Haven’t tested it yet. Under the current circumstances, I think it would be reasonable to limit the RU_PER_SEC and PRIORITY of the default.

translator_bot · June 21, 2024, 10:18am

| username: lilinghai | Original post link

Are both front-end tasks and back-end tasks using the default resource group?

translator_bot · June 21, 2024, 10:18am

| username: Jellybean | Original post link

Yes, both front-end tasks and back-end tasks are under the default resource group, and there are no other tasks in the entire cluster, and other resource groups are not in use.
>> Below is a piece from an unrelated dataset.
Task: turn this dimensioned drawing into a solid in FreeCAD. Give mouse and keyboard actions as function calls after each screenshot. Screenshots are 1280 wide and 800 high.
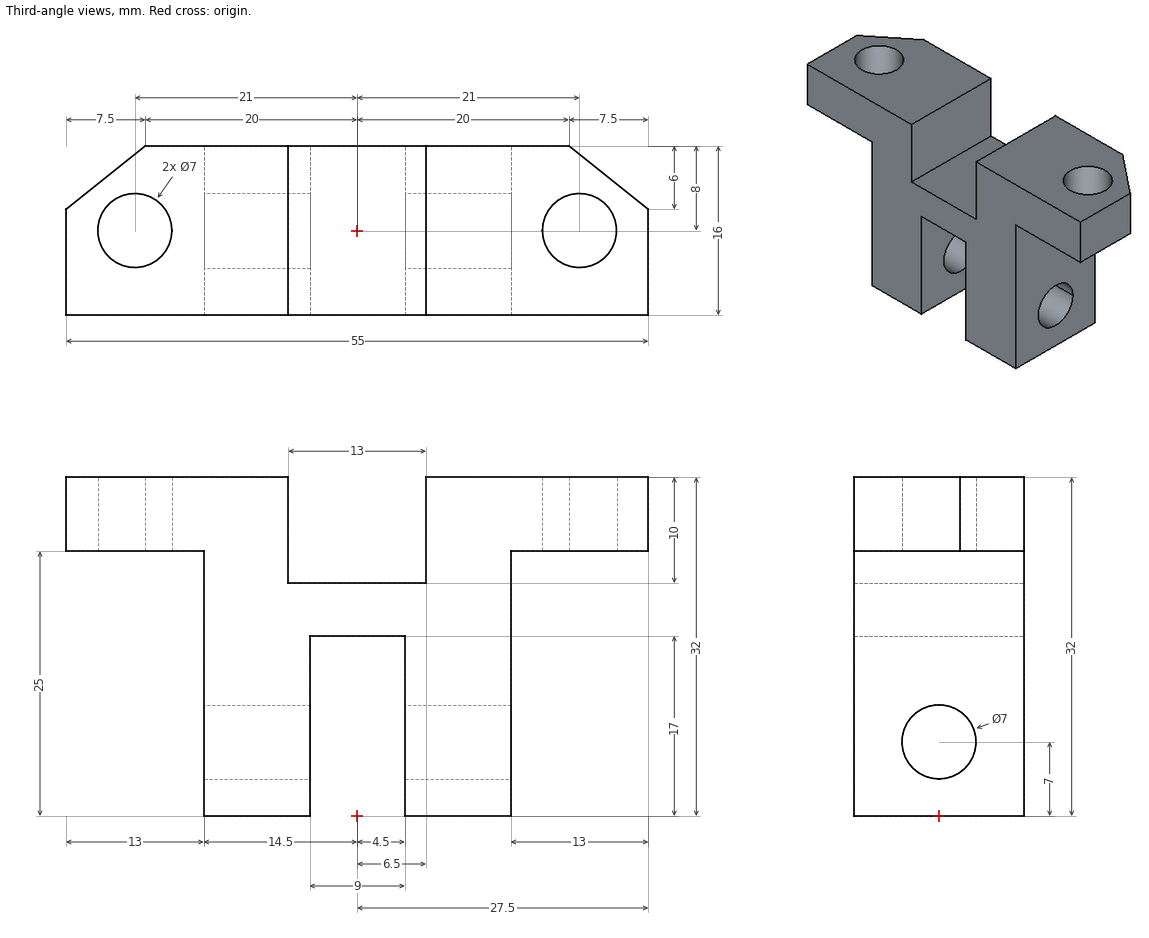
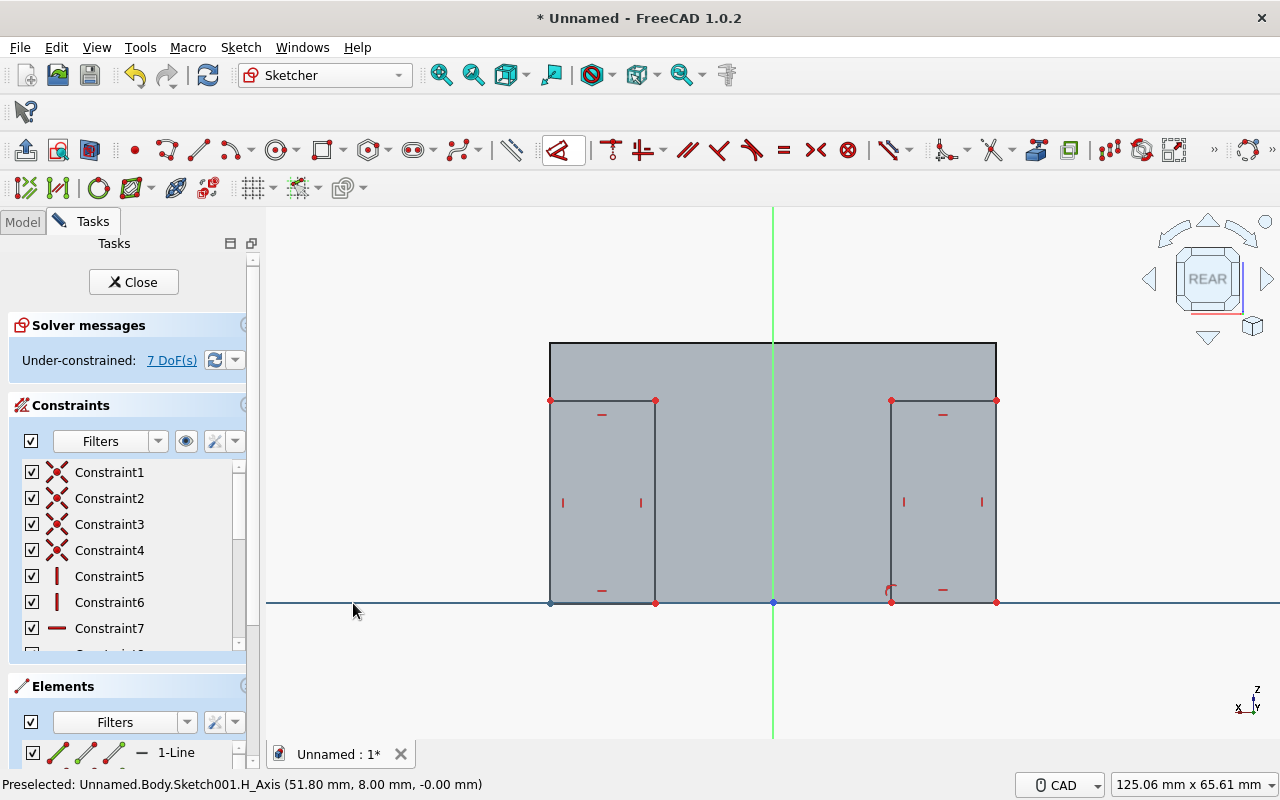
click(612, 150)

translator_bot · June 21, 2024, 10:18am

| username: gaolei | Original post link

The background task management feature of Resource Control dynamically adjusts the resource quotas for background tasks based on the CPU/IO resource utilization of TiKV. Therefore, it relies on setting the correct quotas when deploying the cluster. If multiple components or instances need to be deployed on a single node, appropriate quotas should be set for each instance through cgroups. Hence, it is recommended to use the tiup cluster to deploy a standard cluster for testing if possible. Features that are sensitive to cluster resources, such as scheduling, usually do not perform well in a playground environment.

translator_bot · June 21, 2024, 10:18am

| username: Jellybean | Original post link

Thank you for your response.

Using the playground is intended for quick functional verification, but it might indeed be affected by factors like mixed deployment and single machine interference. For scenarios involving CPU/IO resource usage testing based on TiKV, it is better to verify in a complete cluster.

translator_bot · June 21, 2024, 10:18am

| username: dba远航 | Original post link

You are using a single-machine simulation, so the test results are difficult to simulate the real effect.

translator_bot · June 21, 2024, 10:18am

| username: Jellybean | Original post link

This topic was automatically closed 60 days after the last reply. New replies are no longer allowed.